The role of data collection will always be one of the foundations of science and science education. In the epistemological foundations of science proposed furthered by John Dewey, science is to be regarded as more of a process than a body of knowledge, and the laboratory is central to not only science but science education. This centrality of data collection proposed by John Dewey is still reflected in the publishing policy of most scientific journals. An example is contained in the directions for authors of the online journal Public Library of Science One ( PloSOne.org) “We will not consider: Case studies, Hypothesis papers, Reviews, Commentaries or essays, Opinion pieces, Any other type of secondary literature”.
So then, the rest of this paper is dedicated those authors who have made major contributions to science in the “secondary literature” market.
First and foremost, in any discussion of the importance of interpretation of scientific data is Albert Einstein. The major scientific question in the physics of his day was the nature of light. Two previous scientists, Michelson and Morley were looking for the proposed “ether” of the universe that transported rays of light. They reasoned that since the earth moves through space at a significant speed, the speed of light might be variable depending upon the direction in which it is traveling relative to the earth. Their results showed that light travels the same speed in any direction. This seemed to present an intractable based upon many other observations of the properties of light. It was Einstein who proposed the “special theory of relativity”, in which time was variable, not constant. He was subsequently quoted as saying “If Michelson-Morley is correct, relativity is correct”.
Initially of course, Einstein’s concepts were dealt with derision and confusion. Of course, after time passed, and generations passed, Einstein’s concepts became the new foundations of physics.
Reinterpretation of published and public data is not limited to astronomy and physical science. Watson and Crick built their famous double helix model, the modern representation of DNA, from published chemical and X-ray crystallography data. Well, published sort of. Watson and Crick were working from published as well as unpublished data of Rosiland Franklin. What is known is that Watson and Cricks had capable competitors. Among them was Linus Pauling, who had already constructed a double helical model. Watson and Crick believed the Pauling model was in error, but time was critical to complete theirs. Franklin, for whatever reason, was not a fan of the helical model, or at least that was the message she seemed to present to her colleagues. Her Joke Card probably may have been interpreted to mean that “model builders” were not going anywhere without her data. How wrong she was. Her data was published in the same issue of Nature as Watson and Cricks, but even after publication she seemed to remain skeptical of the helical model.
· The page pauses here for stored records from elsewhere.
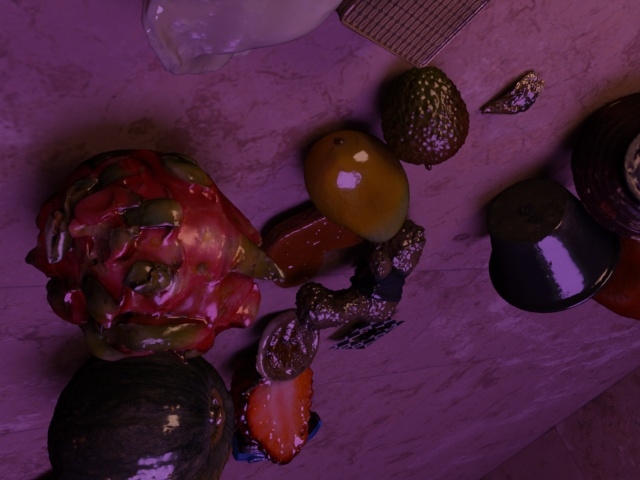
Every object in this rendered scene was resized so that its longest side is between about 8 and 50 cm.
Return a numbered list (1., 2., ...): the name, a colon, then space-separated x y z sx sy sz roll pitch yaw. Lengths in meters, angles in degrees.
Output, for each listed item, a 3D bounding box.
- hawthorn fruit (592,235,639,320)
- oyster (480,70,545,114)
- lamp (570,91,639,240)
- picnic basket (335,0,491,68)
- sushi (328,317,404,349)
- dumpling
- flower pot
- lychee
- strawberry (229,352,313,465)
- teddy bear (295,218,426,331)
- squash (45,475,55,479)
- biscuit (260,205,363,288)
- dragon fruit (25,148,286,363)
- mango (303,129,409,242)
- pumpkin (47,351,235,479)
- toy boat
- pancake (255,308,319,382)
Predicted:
1. hawthorn fruit: 0.671 0.044 1.509 0.287 0.287 0.330 -17 164 -16
2. oyster: 0.277 -0.200 1.030 0.093 0.034 0.051 -38 141 27
3. lamp: 0.526 -0.118 1.166 0.247 0.247 0.247 -19 149 -12
4. picnic basket: 0.085 -0.260 0.739 0.115 0.079 0.164 -43 146 26
5. sushi: 0.091 0.183 1.484 0.126 0.026 0.120 -39 150 29
6. dumpling: -0.055 -0.227 0.624 0.258 0.147 0.193 -44 176 -32
7. flower pot: 0.379 -0.011 1.253 0.235 0.235 0.148 -33 129 11
8. lychee: 0.133 -0.151 0.917 0.114 0.114 0.146 -21 130 -8
9. strawberry: -0.106 0.317 1.408 0.190 0.111 0.236 -27 118 -40
10. teddy bear: 0.078 0.071 1.187 0.251 0.129 0.182 -39 -169 -4
11. squash: -0.551 0.531 1.465 0.341 0.094 0.094 -30 150 7
12. biscuit: 0.000 0.000 1.119 0.192 0.036 0.186 -24 152 -5
13. dragon fruit: -0.190 0.027 0.831 0.237 0.231 0.303 -35 161 -8
14. mango: 0.054 -0.069 0.977 0.130 0.092 0.195 -33 131 -3
15. pumpkin: -0.273 0.310 1.143 0.257 0.291 0.328 -5 137 9
16. toy boat: -0.099 0.456 1.682 0.223 0.100 0.097 -13 138 -18
17. pancake: -0.059 0.195 1.322 0.151 0.025 0.152 -21 123 -36
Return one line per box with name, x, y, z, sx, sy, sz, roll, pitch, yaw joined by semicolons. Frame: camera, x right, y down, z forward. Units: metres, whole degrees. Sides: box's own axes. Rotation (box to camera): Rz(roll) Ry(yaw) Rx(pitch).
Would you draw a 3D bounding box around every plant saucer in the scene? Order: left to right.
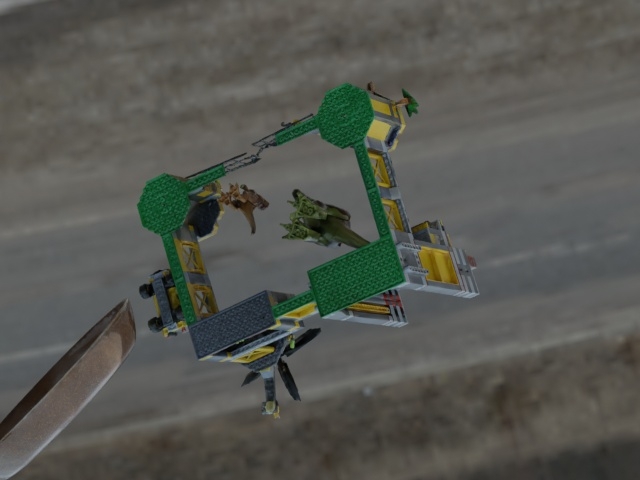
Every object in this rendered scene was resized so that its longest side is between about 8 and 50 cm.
plant saucer;-0.183;0.110;1.373;0.168;0.029;0.168;-46;-174;7

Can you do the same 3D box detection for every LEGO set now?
LEGO set;0.000;0.000;1.944;0.331;0.255;0.192;-33;160;23
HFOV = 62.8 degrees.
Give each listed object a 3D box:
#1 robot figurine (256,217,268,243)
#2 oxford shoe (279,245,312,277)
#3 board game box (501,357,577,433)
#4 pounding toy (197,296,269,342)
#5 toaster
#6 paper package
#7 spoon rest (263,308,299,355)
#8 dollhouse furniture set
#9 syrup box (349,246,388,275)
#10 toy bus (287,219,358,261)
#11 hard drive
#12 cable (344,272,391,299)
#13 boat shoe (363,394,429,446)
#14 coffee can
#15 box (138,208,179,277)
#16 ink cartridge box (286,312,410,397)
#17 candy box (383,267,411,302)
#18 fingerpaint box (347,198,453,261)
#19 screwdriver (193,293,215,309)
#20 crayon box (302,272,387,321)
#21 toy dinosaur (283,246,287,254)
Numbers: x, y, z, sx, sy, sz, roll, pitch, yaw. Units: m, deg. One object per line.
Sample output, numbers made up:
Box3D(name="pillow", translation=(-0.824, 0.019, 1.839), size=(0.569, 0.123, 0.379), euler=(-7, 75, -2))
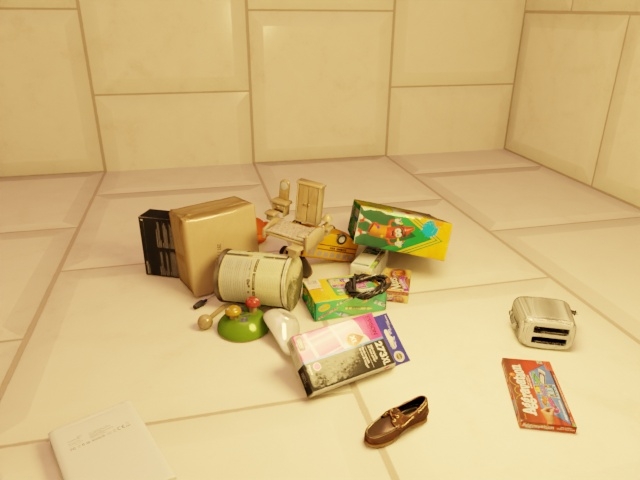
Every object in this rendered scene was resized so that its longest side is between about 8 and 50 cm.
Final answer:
Box3D(name="robot figurine", translation=(-0.334, -0.032, 2.418), size=(0.219, 0.128, 0.158), euler=(-21, 63, -39))
Box3D(name="oxford shoe", translation=(-0.088, 0.093, 2.223), size=(0.076, 0.076, 0.212), euler=(30, 9, -46))
Box3D(name="board game box", translation=(0.618, 0.435, 1.505), size=(0.144, 0.027, 0.281), euler=(2, 24, 7))
Box3D(name="pounding toy", translation=(-0.290, 0.249, 1.807), size=(0.236, 0.110, 0.183), euler=(11, 26, 21))
Box3D(name="toaster", translation=(0.751, 0.277, 1.747), size=(0.226, 0.129, 0.146), euler=(6, 28, 8))
Box3D(name="paper package", translation=(-0.408, 0.015, 2.064), size=(0.309, 0.325, 0.168), euler=(-17, 27, -31))
Box3D(name="spoon rest", translation=(-0.109, 0.303, 1.719), size=(0.137, 0.084, 0.276), euler=(22, 8, -26))
Box3D(name="dollhouse furniture set", translation=(-0.127, -0.108, 1.994), size=(0.303, 0.174, 0.355), euler=(17, 26, 22))
Box3D(name="syrup box", translation=(0.203, 0.101, 2.166), size=(0.093, 0.096, 0.237), euler=(12, 27, 20))
Box3D(name="toy bus", translation=(0.000, 0.004, 2.215), size=(0.332, 0.130, 0.108), euler=(8, 20, -35))
Box3D(name="hard drive", translation=(-0.508, 0.526, 1.265), size=(0.210, 0.040, 0.318), euler=(-17, 29, -33))
Box3D(name="cable", translation=(0.163, 0.159, 1.893), size=(0.150, 0.047, 0.184), euler=(17, 30, 31))
Box3D(name="boat shoe", translation=(0.199, 0.466, 1.374), size=(0.206, 0.073, 0.073), euler=(-17, 30, -32))
Box3D(name="coffee can", translation=(-0.225, 0.140, 1.922), size=(0.275, 0.202, 0.201), euler=(5, 24, 17))
Box3D(name="box", translation=(-0.625, 0.014, 2.145), size=(0.184, 0.261, 0.103), euler=(5, 24, 9))
Box3D(name="ink cartridge box", translation=(0.097, 0.331, 1.589), size=(0.370, 0.069, 0.176), euler=(-11, 62, -28))
Box3D(name="candy box", translation=(0.296, 0.175, 2.056), size=(0.109, 0.053, 0.187), euler=(6, 23, 11))
Box3D(name="fingerpaint box", translation=(0.319, -0.052, 2.238), size=(0.370, 0.163, 0.445), euler=(11, 8, -2))
Box3D(name="screwdriver", translation=(-0.423, 0.216, 1.985), size=(0.024, 0.025, 0.170), euler=(12, 27, 24))
Box3D(name="crayon box", translation=(0.087, 0.205, 1.946), size=(0.278, 0.081, 0.165), euler=(-7, 25, -16))
Box3D(name="toy dinosaur", translation=(-0.156, 0.113, 2.175), size=(0.092, 0.053, 0.183), euler=(-7, 48, -15))
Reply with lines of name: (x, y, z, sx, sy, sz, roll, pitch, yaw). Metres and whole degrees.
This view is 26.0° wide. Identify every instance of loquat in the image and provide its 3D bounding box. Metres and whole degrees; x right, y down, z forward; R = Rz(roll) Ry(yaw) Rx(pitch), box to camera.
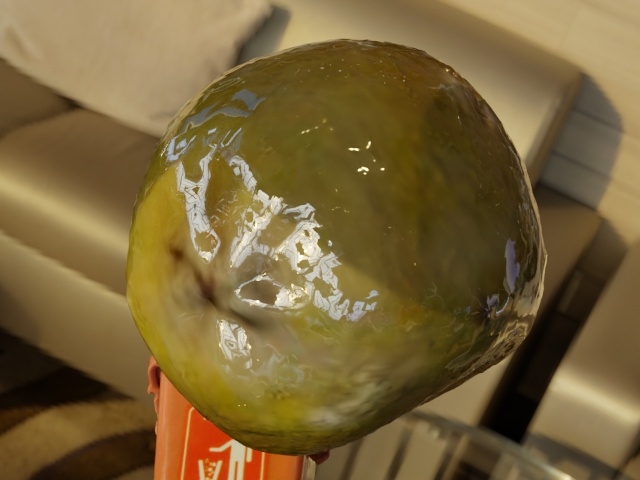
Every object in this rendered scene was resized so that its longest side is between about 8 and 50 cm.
loquat: (0.000, 0.000, 0.877, 0.276, 0.276, 0.284, 30, 17, 17)

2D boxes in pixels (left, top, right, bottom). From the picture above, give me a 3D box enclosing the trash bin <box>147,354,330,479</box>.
trash bin: (-0.072, 0.219, 1.176, 0.161, 0.184, 0.239, 1, 49, 3)
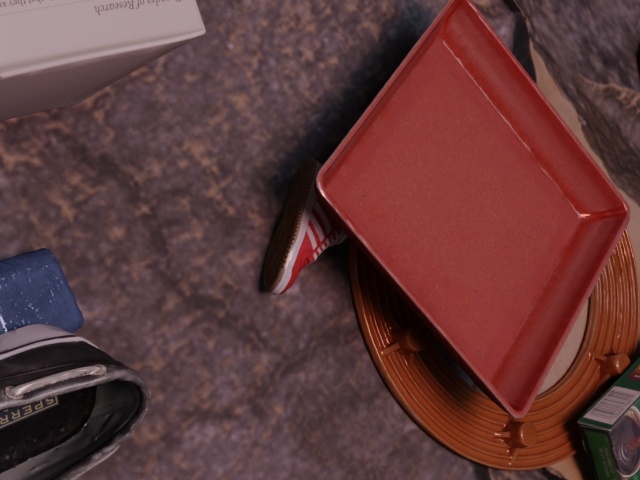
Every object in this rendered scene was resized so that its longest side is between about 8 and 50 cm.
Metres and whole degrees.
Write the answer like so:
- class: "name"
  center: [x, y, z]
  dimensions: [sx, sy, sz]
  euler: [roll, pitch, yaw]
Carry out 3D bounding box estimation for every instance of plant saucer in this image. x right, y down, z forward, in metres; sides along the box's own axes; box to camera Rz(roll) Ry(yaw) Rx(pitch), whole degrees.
- class: "plant saucer"
  center: [0.122, -0.029, 1.152]
  dimensions: [0.258, 0.047, 0.259]
  euler: [49, 52, -17]

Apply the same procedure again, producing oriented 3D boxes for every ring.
- class: "ring"
  center: [0.166, 0.029, 1.228]
  dimensions: [0.336, 0.032, 0.337]
  euler: [9, 74, -36]

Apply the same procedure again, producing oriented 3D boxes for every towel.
- class: "towel"
  center: [-0.220, 0.052, 0.937]
  dimensions: [0.119, 0.029, 0.067]
  euler: [-24, 96, -37]

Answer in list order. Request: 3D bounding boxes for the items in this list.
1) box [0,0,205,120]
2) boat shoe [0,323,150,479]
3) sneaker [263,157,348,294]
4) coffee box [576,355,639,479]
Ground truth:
- class: "box"
  center: [-0.204, -0.146, 0.898]
  dimensions: [0.182, 0.181, 0.119]
  euler: [-18, 91, -38]
- class: "boat shoe"
  center: [-0.236, 0.148, 0.839]
  dimensions: [0.306, 0.105, 0.113]
  euler: [-22, 117, -39]
- class: "sneaker"
  center: [0.000, 0.000, 1.104]
  dimensions: [0.067, 0.042, 0.118]
  euler: [31, 60, -23]
- class: "coffee box"
  center: [0.305, 0.160, 1.276]
  dimensions: [0.184, 0.040, 0.113]
  euler: [-35, 119, -37]
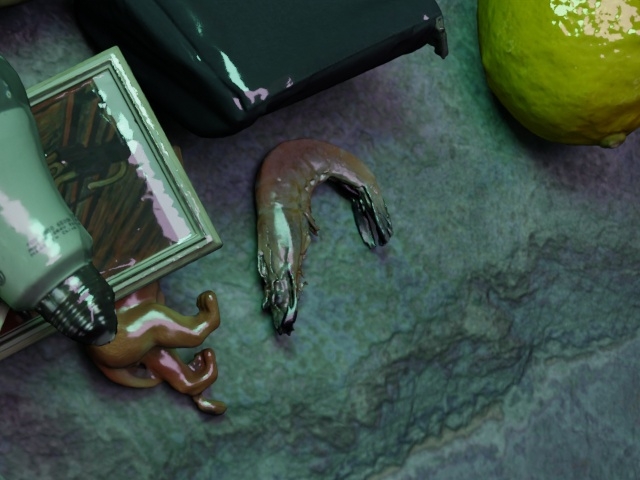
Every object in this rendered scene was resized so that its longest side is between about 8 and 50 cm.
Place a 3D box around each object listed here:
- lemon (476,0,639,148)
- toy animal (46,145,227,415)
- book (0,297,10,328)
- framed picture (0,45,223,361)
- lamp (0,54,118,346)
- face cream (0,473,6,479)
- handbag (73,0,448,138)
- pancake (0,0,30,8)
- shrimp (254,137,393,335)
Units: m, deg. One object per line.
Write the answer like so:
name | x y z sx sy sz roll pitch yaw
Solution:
lemon | 0.290 -0.240 1.492 0.234 0.233 0.288 -2 75 -28
toy animal | -0.189 0.025 1.247 0.158 0.097 0.312 -11 82 -18
book | -0.393 0.017 1.061 0.289 0.026 0.201 22 22 -11
framed picture | -0.256 -0.027 1.194 0.273 0.016 0.216 -29 86 -8
lamp | -0.286 -0.048 1.072 0.182 0.182 0.314 -31 65 -32
face cream | -0.361 0.241 1.012 0.201 0.201 0.187 27 64 -18
handbag | -0.058 -0.216 1.334 0.302 0.178 0.275 -31 74 -33
pancake | -0.307 -0.317 1.251 0.242 0.050 0.241 -3 70 8
shrimp | 0.000 0.000 1.371 0.152 0.046 0.219 13 68 -20
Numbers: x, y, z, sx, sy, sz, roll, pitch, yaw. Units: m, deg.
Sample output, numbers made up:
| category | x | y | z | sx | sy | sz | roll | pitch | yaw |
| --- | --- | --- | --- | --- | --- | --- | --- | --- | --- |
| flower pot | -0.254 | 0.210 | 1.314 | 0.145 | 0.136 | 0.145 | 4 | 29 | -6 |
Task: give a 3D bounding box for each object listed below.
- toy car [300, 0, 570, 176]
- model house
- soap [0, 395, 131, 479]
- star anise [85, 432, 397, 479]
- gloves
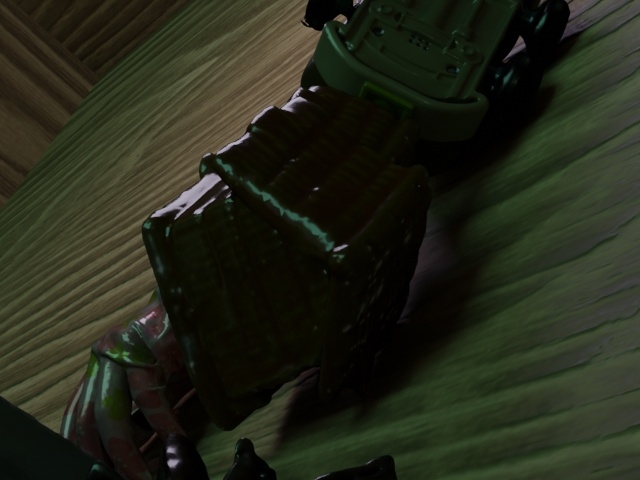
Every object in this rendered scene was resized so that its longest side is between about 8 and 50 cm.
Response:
| category | x | y | z | sx | sy | sz | roll | pitch | yaw |
| --- | --- | --- | --- | --- | --- | --- | --- | --- | --- |
| toy car | 0.081 | -0.150 | 1.288 | 0.248 | 0.204 | 0.198 | -61 | -3 | -39 |
| model house | -0.001 | 0.000 | 1.120 | 0.229 | 0.220 | 0.199 | -21 | 8 | 44 |
| soap | -0.302 | 0.229 | 0.919 | 0.350 | 0.435 | 0.213 | -55 | 12 | -10 |
| star anise | -0.074 | 0.201 | 0.777 | 0.282 | 0.212 | 0.129 | -29 | -22 | -29 |
| gloves | -0.164 | 0.133 | 1.336 | 0.241 | 0.126 | 0.145 | -44 | 20 | -13 |
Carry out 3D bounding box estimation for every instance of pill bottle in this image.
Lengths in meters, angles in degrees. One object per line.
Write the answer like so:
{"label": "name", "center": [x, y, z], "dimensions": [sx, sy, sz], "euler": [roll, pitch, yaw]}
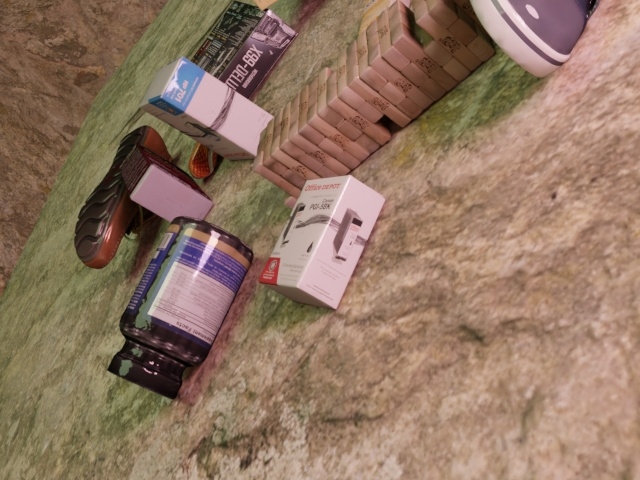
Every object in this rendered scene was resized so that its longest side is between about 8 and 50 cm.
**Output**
{"label": "pill bottle", "center": [-0.185, 0.088, 0.859], "dimensions": [0.123, 0.123, 0.219], "euler": [-1, 60, 58]}

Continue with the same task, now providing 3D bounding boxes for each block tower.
{"label": "block tower", "center": [0.051, -0.171, 0.777], "dimensions": [0.335, 0.097, 0.091], "euler": [-39, 32, 33]}

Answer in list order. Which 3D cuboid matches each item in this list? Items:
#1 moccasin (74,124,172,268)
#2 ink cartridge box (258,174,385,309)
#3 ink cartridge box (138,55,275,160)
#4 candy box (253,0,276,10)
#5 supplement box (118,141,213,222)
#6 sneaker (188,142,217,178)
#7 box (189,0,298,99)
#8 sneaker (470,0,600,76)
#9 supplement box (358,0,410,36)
{"label": "moccasin", "center": [-0.405, -0.083, 1.391], "dimensions": [0.139, 0.147, 0.380], "euler": [-25, 35, 23]}
{"label": "ink cartridge box", "center": [0.000, 0.000, 0.721], "dimensions": [0.099, 0.056, 0.135], "euler": [1, 63, 59]}
{"label": "ink cartridge box", "center": [-0.188, -0.215, 1.101], "dimensions": [0.139, 0.190, 0.082], "euler": [7, 69, 60]}
{"label": "candy box", "center": [-0.002, -0.577, 1.212], "dimensions": [0.316, 0.087, 0.183], "euler": [-26, 39, 23]}
{"label": "supplement box", "center": [-0.293, -0.103, 1.221], "dimensions": [0.073, 0.130, 0.239], "euler": [-56, 29, 3]}
{"label": "sneaker", "center": [-0.204, -0.199, 1.250], "dimensions": [0.175, 0.064, 0.067], "euler": [-58, 21, -5]}
{"label": "box", "center": [-0.192, -0.379, 1.382], "dimensions": [0.242, 0.076, 0.307], "euler": [-53, 30, 5]}
{"label": "sneaker", "center": [0.214, -0.292, 0.603], "dimensions": [0.127, 0.126, 0.321], "euler": [-36, 32, 44]}
{"label": "supplement box", "center": [0.092, -0.324, 0.928], "dimensions": [0.062, 0.036, 0.098], "euler": [-28, 39, 42]}
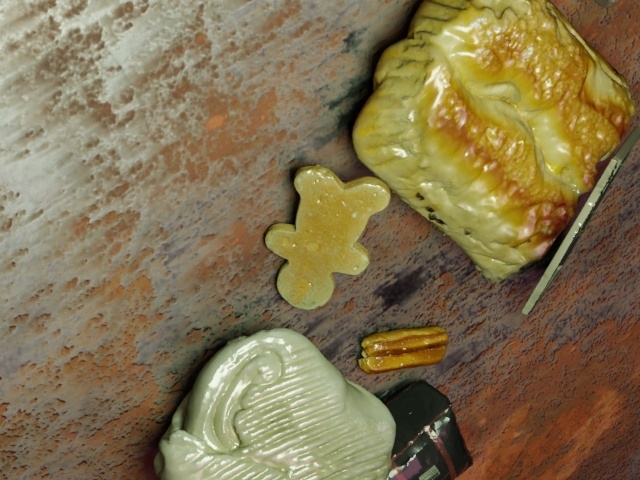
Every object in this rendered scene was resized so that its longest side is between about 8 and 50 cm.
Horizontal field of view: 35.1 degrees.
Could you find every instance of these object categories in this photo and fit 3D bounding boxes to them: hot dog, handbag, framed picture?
[{"bbox_3d":[0.137,0.173,1.626,0.165,0.045,0.071,-5,113,-29],"label":"hot dog"},{"bbox_3d":[0.228,-0.181,1.431,0.365,0.196,0.367,35,86,-39],"label":"hot dog"},{"bbox_3d":[0.136,0.356,1.642,0.215,0.155,0.169,-37,133,-13],"label":"handbag"},{"bbox_3d":[0.413,-0.033,1.594,0.213,0.016,0.289,-36,154,-58],"label":"framed picture"}]

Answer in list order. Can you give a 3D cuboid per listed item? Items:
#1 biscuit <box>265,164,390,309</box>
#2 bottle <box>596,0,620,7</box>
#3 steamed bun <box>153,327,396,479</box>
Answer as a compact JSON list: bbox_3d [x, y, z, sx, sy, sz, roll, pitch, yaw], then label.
[{"bbox_3d":[0.000,0.000,1.435,0.153,0.030,0.234,15,122,-3],"label":"biscuit"},{"bbox_3d":[0.477,-0.414,1.549,0.140,0.053,0.053,-40,126,-9],"label":"bottle"},{"bbox_3d":[-0.078,0.309,1.466,0.324,0.219,0.309,39,74,-13],"label":"steamed bun"}]
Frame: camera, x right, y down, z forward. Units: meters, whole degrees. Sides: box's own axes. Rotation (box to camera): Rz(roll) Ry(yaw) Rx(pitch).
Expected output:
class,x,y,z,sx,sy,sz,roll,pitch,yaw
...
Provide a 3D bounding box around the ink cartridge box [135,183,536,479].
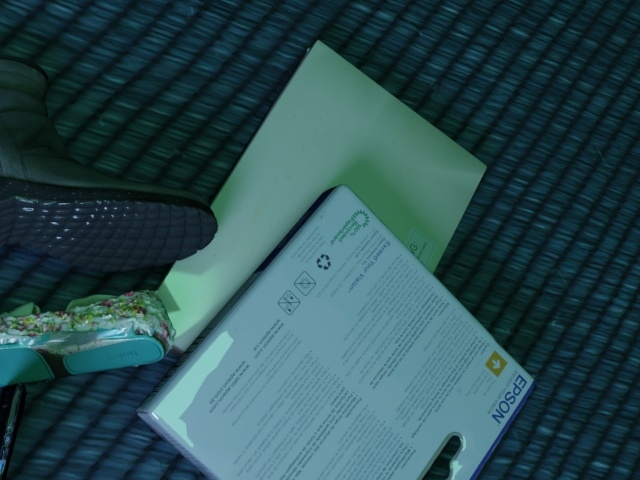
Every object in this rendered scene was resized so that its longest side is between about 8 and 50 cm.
class,x,y,z,sx,sy,sz,roll,pitch,yaw
ink cartridge box,0.030,0.166,0.968,0.330,0.071,0.324,46,67,-12

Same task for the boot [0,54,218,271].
class,x,y,z,sx,sy,sz,roll,pitch,yaw
boot,-0.274,-0.093,0.905,0.338,0.118,0.223,7,50,-30

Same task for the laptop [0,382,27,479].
class,x,y,z,sx,sy,sz,roll,pitch,yaw
laptop,-0.354,0.243,0.758,0.136,0.234,0.264,15,75,-20

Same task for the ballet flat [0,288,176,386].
class,x,y,z,sx,sy,sz,roll,pitch,yaw
ballet flat,-0.265,0.096,0.901,0.241,0.091,0.077,-6,49,-4

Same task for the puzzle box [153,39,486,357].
class,x,y,z,sx,sy,sz,roll,pitch,yaw
puzzle box,0.000,0.000,1.052,0.272,0.052,0.409,35,69,-13

Many times, analysis of pathological and epidemiological data can lead scientists to predict a particular pathogen before it is discovered. That is the case in the work of Alfred Knudson[1]. Knudson studied the incidence of a form of cancer called retinoblastoma in patients admitted to his hospital. In brief, retinoblasts are developmental, or undifferentiated cells of the retina, and retinoblastoma is a form of cancer that can occur if they fail to fully differentiate into retinal neurons, and as such, exit the cell cycle. In 1971, after studying retinoblastoma incidence from 1944 to 1969 in his patients, and using additional published studies, Knudson published a model predicting that retinoblastoma resulted from loss of heterozygosity of a single gene. That means that a patient had to take “two hits” before a tumor would become active. That began the search for the gene, and in 1986 the RB or RB1 gene was isolated. RB remains an oncogene of great interest, and although much has been learned about RB since its isolation over 25 years ago, it still has mysteries to reveal[2].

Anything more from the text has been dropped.